──────── Excerpted data ────────
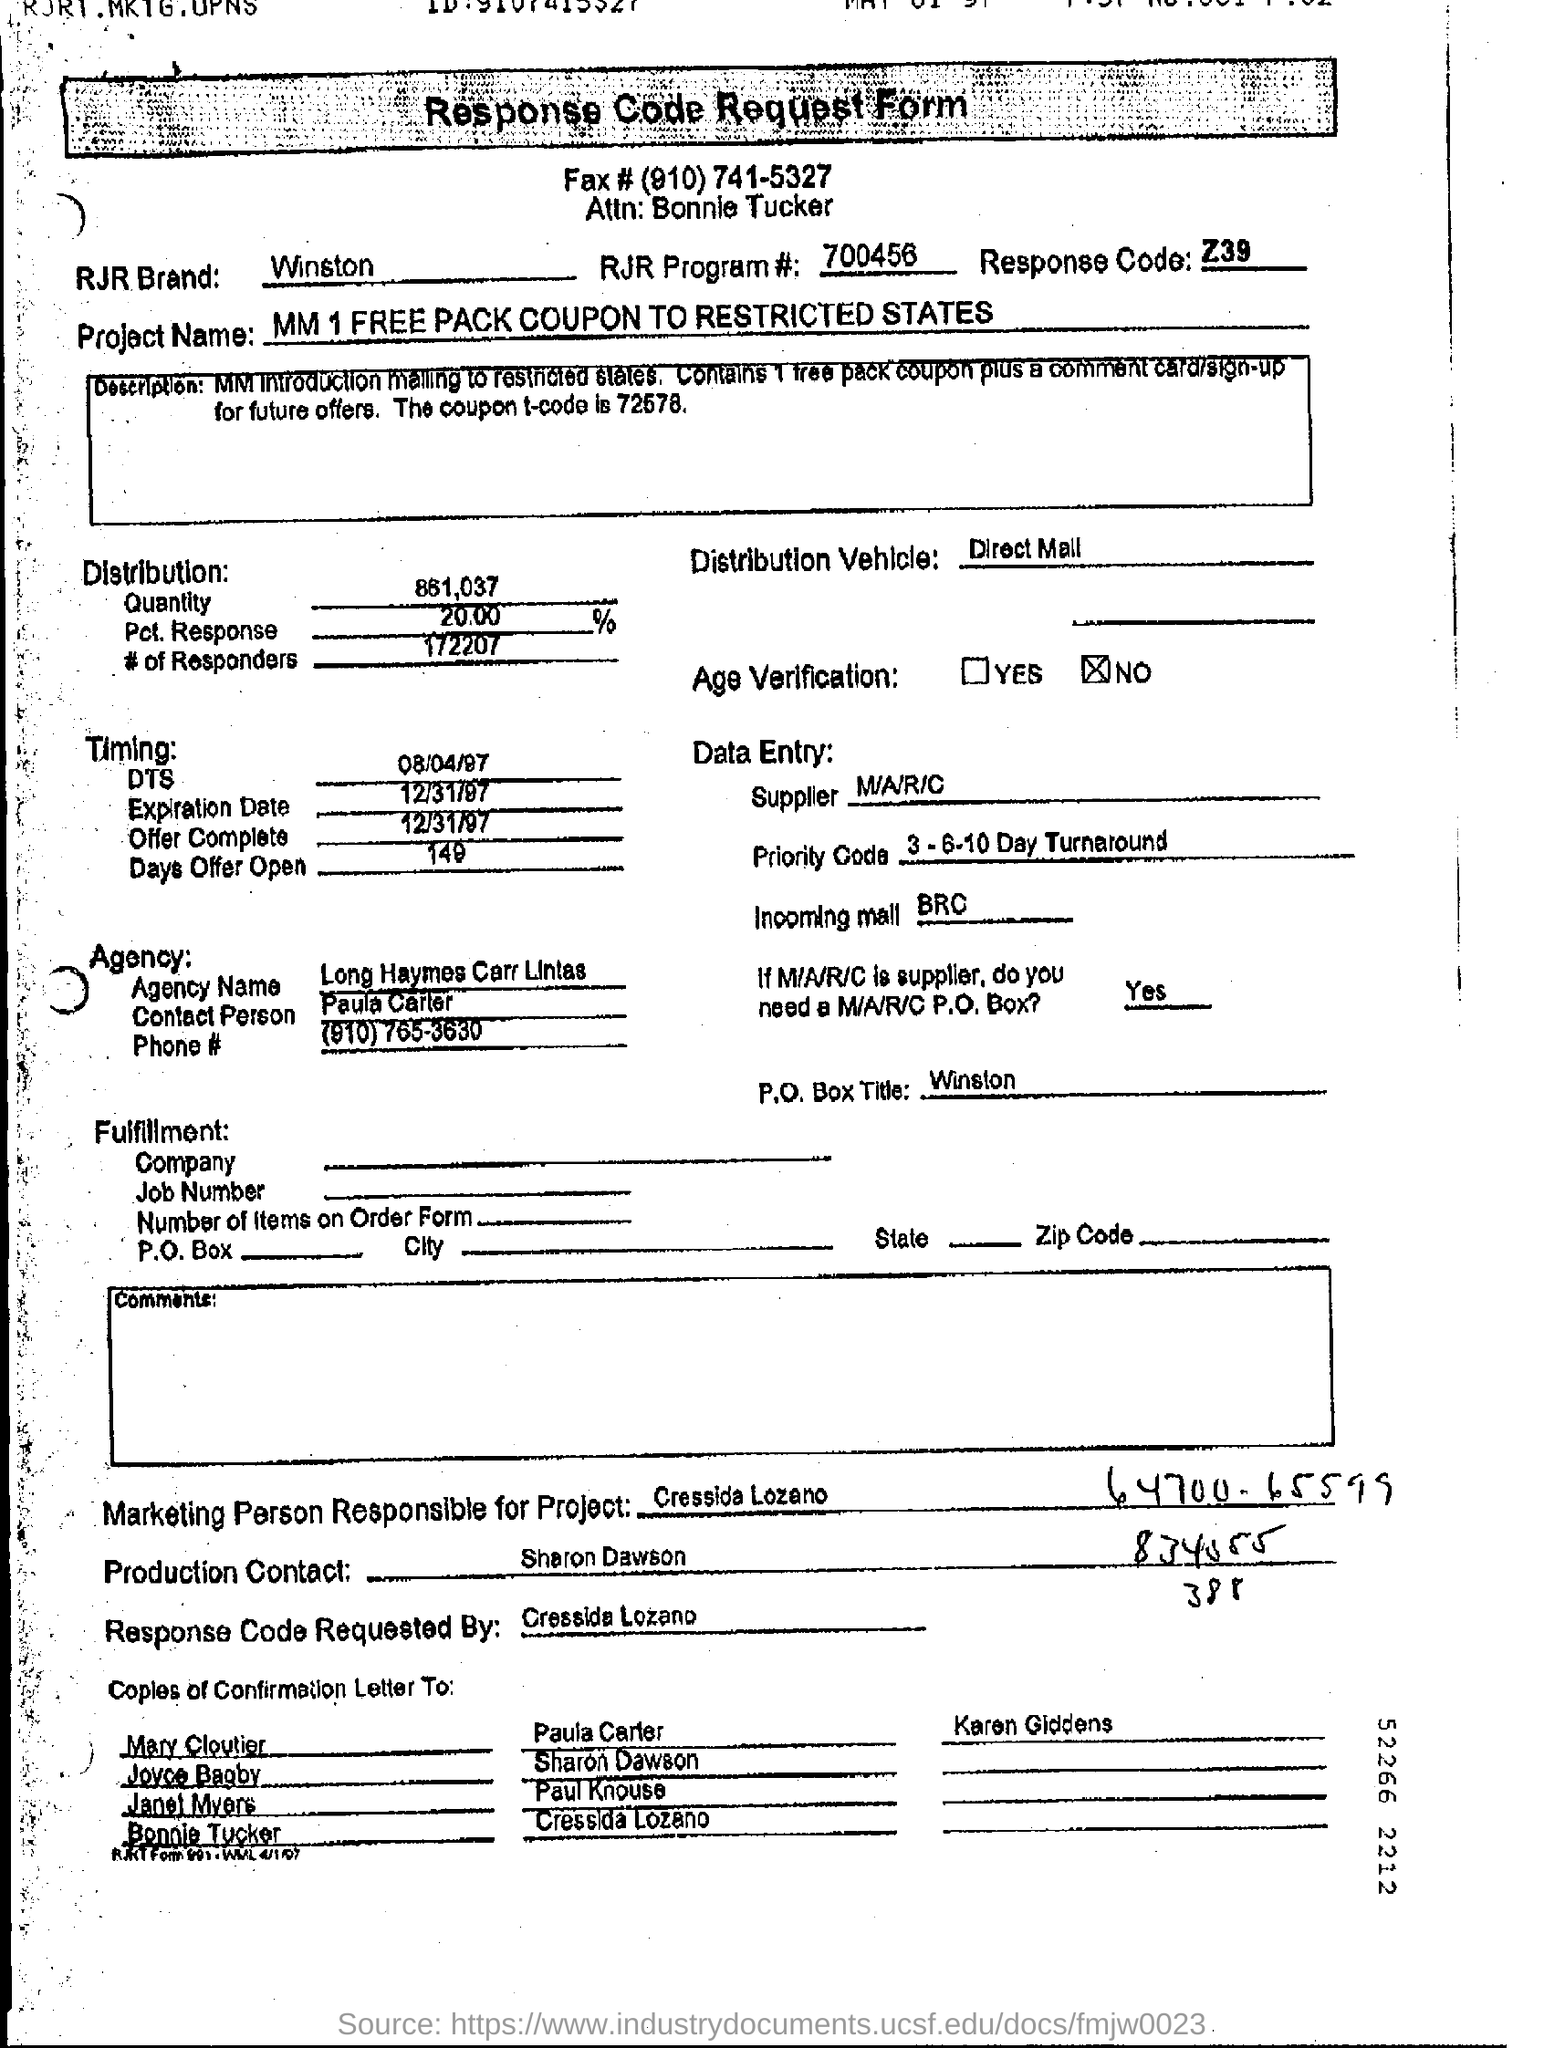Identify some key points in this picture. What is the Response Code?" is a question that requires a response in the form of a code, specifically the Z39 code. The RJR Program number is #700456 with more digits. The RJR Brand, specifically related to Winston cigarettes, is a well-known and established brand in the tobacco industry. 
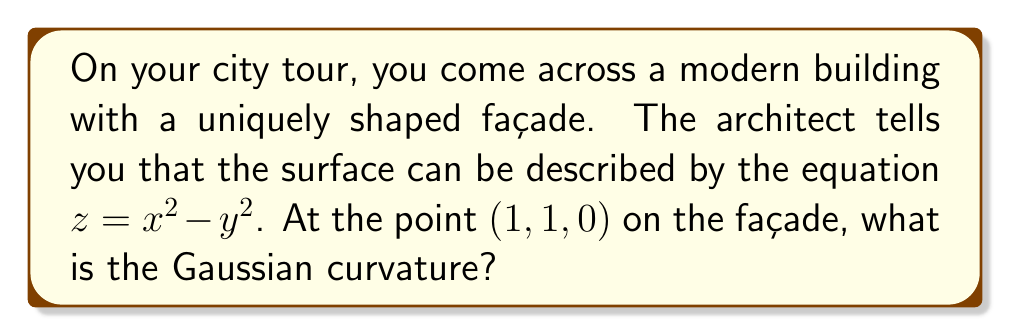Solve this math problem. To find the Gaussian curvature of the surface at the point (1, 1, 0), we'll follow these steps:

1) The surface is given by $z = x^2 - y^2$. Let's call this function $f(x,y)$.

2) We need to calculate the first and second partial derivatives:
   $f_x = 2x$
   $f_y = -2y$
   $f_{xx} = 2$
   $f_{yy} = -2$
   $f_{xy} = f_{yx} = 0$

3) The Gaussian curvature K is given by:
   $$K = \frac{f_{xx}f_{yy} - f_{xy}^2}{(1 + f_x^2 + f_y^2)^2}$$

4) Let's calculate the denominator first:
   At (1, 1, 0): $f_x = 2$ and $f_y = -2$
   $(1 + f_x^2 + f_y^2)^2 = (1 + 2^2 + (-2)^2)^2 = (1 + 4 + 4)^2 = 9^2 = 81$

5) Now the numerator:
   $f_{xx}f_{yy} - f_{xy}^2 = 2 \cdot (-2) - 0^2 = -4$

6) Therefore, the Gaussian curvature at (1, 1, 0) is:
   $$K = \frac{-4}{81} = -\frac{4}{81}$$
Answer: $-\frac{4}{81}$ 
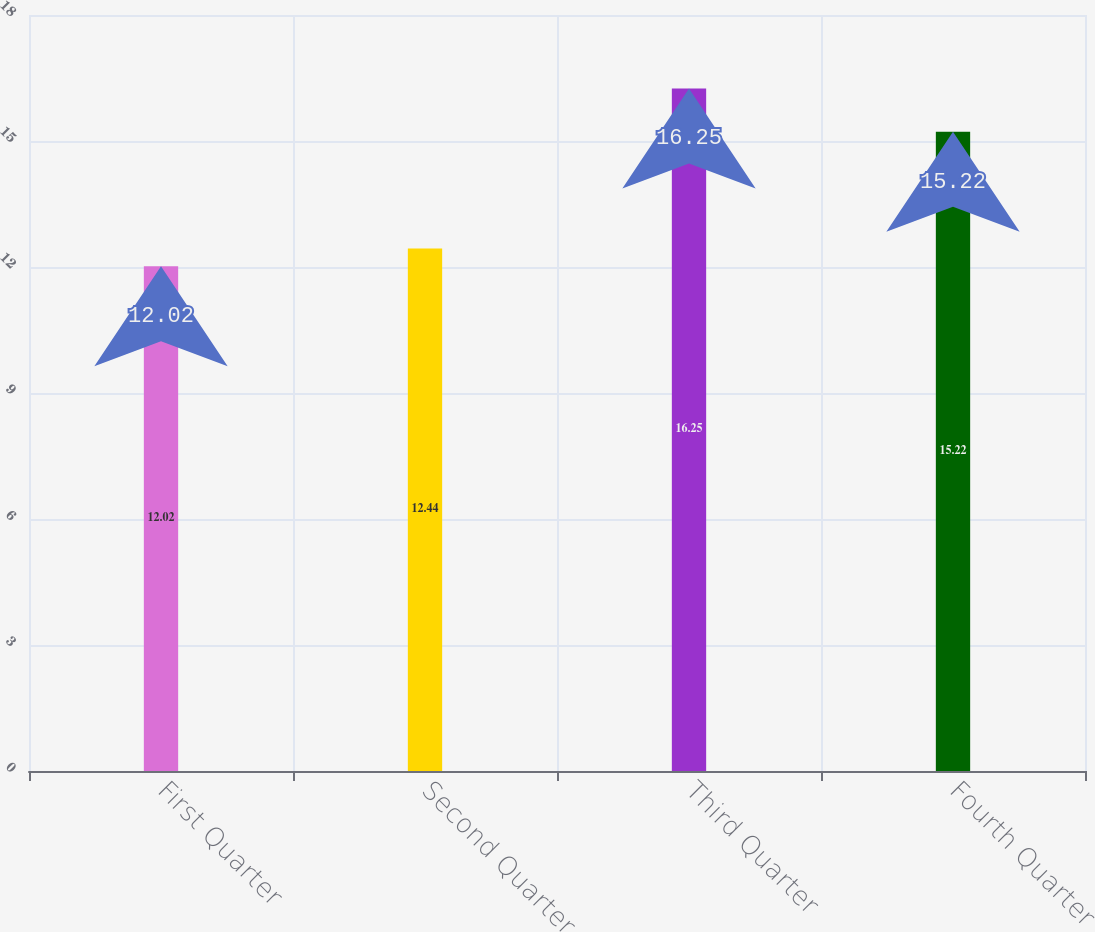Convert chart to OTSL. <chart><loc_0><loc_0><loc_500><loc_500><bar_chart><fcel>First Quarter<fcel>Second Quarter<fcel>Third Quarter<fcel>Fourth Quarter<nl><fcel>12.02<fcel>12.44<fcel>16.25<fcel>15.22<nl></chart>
────────
**Prompt**: Set down each line of the material exactly and skip every image.

**Expected answer**:
Identify some key points in this picture. What is the Response Code?" is a question that requires a response in the form of a code, specifically the Z39 code. The RJR Program number is #700456 with more digits. The RJR Brand, specifically related to Winston cigarettes, is a well-known and established brand in the tobacco industry. 
Solve this math problem. To find the Gaussian curvature of the surface at the point (1, 1, 0), we'll follow these steps:

1) The surface is given by $z = x^2 - y^2$. Let's call this function $f(x,y)$.

2) We need to calculate the first and second partial derivatives:
   $f_x = 2x$
   $f_y = -2y$
   $f_{xx} = 2$
   $f_{yy} = -2$
   $f_{xy} = f_{yx} = 0$

3) The Gaussian curvature K is given by:
   $$K = \frac{f_{xx}f_{yy} - f_{xy}^2}{(1 + f_x^2 + f_y^2)^2}$$

4) Let's calculate the denominator first:
   At (1, 1, 0): $f_x = 2$ and $f_y = -2$
   $(1 + f_x^2 + f_y^2)^2 = (1 + 2^2 + (-2)^2)^2 = (1 + 4 + 4)^2 = 9^2 = 81$

5) Now the numerator:
   $f_{xx}f_{yy} - f_{xy}^2 = 2 \cdot (-2) - 0^2 = -4$

6) Therefore, the Gaussian curvature at (1, 1, 0) is:
   $$K = \frac{-4}{81} = -\frac{4}{81}$$
Answer: $-\frac{4}{81}$ 
Convert chart to OTSL. <chart><loc_0><loc_0><loc_500><loc_500><bar_chart><fcel>First Quarter<fcel>Second Quarter<fcel>Third Quarter<fcel>Fourth Quarter<nl><fcel>12.02<fcel>12.44<fcel>16.25<fcel>15.22<nl></chart>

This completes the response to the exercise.